[Data excerpts]
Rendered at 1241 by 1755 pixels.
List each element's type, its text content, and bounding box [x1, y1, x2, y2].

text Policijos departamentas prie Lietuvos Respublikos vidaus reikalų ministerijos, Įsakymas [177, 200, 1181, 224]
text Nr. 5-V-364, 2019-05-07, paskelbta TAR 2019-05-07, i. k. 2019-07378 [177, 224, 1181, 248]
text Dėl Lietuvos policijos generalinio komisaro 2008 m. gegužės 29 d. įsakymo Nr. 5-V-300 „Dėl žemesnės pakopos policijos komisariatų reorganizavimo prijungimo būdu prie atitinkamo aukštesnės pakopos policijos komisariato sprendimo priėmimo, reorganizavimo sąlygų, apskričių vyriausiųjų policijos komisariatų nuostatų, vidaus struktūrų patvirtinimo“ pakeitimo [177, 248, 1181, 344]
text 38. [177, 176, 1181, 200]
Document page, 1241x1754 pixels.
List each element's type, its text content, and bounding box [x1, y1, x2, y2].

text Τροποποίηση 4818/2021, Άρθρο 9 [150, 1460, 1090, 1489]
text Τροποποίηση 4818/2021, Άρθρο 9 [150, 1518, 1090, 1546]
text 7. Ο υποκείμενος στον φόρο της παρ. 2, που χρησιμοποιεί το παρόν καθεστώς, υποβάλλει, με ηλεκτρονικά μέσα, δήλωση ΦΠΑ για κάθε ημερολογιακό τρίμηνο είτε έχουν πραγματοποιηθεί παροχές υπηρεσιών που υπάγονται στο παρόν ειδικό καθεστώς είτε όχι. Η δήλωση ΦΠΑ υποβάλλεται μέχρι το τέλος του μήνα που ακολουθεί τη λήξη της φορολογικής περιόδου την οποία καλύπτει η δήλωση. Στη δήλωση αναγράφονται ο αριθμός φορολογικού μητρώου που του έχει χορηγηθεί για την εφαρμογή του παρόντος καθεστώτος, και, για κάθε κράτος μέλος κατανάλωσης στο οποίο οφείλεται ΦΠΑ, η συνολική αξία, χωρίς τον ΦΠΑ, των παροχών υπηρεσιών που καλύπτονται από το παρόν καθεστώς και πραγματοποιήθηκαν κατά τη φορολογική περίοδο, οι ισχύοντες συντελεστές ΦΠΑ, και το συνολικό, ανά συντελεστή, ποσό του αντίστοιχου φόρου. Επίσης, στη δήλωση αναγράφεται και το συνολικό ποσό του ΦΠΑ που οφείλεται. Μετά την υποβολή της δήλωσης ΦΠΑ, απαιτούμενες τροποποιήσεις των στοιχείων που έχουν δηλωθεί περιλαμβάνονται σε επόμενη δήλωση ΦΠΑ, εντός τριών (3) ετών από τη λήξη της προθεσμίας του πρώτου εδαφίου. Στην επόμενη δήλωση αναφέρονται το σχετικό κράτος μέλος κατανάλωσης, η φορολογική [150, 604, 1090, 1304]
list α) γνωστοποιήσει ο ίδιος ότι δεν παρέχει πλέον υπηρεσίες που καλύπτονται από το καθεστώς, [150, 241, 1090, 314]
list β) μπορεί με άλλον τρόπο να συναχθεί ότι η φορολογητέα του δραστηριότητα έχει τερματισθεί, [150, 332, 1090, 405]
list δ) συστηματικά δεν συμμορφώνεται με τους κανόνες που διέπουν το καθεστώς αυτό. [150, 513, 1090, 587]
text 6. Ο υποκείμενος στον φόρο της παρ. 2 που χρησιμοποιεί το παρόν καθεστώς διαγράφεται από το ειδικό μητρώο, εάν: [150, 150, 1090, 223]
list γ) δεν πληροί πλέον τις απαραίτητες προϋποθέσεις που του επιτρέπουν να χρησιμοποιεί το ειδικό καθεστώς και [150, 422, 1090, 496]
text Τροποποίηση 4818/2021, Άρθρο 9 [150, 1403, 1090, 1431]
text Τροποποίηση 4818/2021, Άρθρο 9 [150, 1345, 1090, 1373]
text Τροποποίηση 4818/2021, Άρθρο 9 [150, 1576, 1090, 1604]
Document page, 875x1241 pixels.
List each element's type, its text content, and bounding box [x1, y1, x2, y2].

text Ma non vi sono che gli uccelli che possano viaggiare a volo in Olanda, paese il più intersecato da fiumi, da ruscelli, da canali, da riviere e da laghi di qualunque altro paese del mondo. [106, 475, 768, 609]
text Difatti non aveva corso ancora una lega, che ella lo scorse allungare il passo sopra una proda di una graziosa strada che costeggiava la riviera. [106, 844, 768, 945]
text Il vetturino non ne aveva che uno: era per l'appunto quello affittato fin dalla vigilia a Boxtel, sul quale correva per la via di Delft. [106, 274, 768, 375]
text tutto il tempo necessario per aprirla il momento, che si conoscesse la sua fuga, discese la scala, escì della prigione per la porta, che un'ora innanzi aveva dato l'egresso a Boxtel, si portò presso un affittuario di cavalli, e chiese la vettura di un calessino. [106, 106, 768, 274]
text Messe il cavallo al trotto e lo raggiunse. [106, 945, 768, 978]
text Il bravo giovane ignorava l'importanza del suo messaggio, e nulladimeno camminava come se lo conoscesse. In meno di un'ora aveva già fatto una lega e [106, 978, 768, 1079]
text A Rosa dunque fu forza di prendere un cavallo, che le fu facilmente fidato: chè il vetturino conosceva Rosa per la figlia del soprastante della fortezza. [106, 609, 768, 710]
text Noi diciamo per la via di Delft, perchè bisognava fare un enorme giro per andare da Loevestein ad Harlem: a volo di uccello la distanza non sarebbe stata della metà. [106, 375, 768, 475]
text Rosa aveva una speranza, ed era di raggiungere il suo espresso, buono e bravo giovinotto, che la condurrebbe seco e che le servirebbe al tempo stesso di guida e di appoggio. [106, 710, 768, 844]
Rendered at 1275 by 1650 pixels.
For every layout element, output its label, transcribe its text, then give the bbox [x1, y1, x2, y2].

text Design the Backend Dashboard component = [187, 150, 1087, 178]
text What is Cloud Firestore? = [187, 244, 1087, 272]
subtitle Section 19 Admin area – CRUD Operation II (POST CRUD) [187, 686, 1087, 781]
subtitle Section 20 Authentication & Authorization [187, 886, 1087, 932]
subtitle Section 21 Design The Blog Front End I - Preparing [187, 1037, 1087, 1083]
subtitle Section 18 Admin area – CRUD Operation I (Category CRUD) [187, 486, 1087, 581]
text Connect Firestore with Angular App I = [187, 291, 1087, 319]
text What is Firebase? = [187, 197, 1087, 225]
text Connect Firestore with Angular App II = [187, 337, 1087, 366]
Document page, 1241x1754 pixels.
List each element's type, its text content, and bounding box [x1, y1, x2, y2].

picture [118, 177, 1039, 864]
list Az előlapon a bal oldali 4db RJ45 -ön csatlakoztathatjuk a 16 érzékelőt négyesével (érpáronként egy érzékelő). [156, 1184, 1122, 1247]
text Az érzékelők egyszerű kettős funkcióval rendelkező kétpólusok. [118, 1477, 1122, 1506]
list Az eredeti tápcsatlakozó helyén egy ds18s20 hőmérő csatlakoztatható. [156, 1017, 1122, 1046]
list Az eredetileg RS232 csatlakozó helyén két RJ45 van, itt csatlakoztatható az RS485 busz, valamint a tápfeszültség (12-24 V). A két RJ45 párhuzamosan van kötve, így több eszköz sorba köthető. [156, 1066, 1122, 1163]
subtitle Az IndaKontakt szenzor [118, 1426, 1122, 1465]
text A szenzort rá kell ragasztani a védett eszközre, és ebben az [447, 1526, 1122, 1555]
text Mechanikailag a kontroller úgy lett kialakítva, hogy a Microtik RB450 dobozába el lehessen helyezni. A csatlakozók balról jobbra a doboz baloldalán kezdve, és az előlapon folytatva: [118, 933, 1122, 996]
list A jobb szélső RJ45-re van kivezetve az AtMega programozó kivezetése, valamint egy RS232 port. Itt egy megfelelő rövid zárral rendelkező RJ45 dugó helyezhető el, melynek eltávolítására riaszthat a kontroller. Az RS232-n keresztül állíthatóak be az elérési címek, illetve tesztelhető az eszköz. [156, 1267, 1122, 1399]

• EXERCISE DETAILS:
Scan the data above and copy every line with "Firestore" in it.

• YOUR SOLUTION:
text What is Cloud Firestore? = [187, 244, 1087, 272]
text Connect Firestore with Angular App I = [187, 291, 1087, 319]
text Connect Firestore with Angular App II = [187, 337, 1087, 366]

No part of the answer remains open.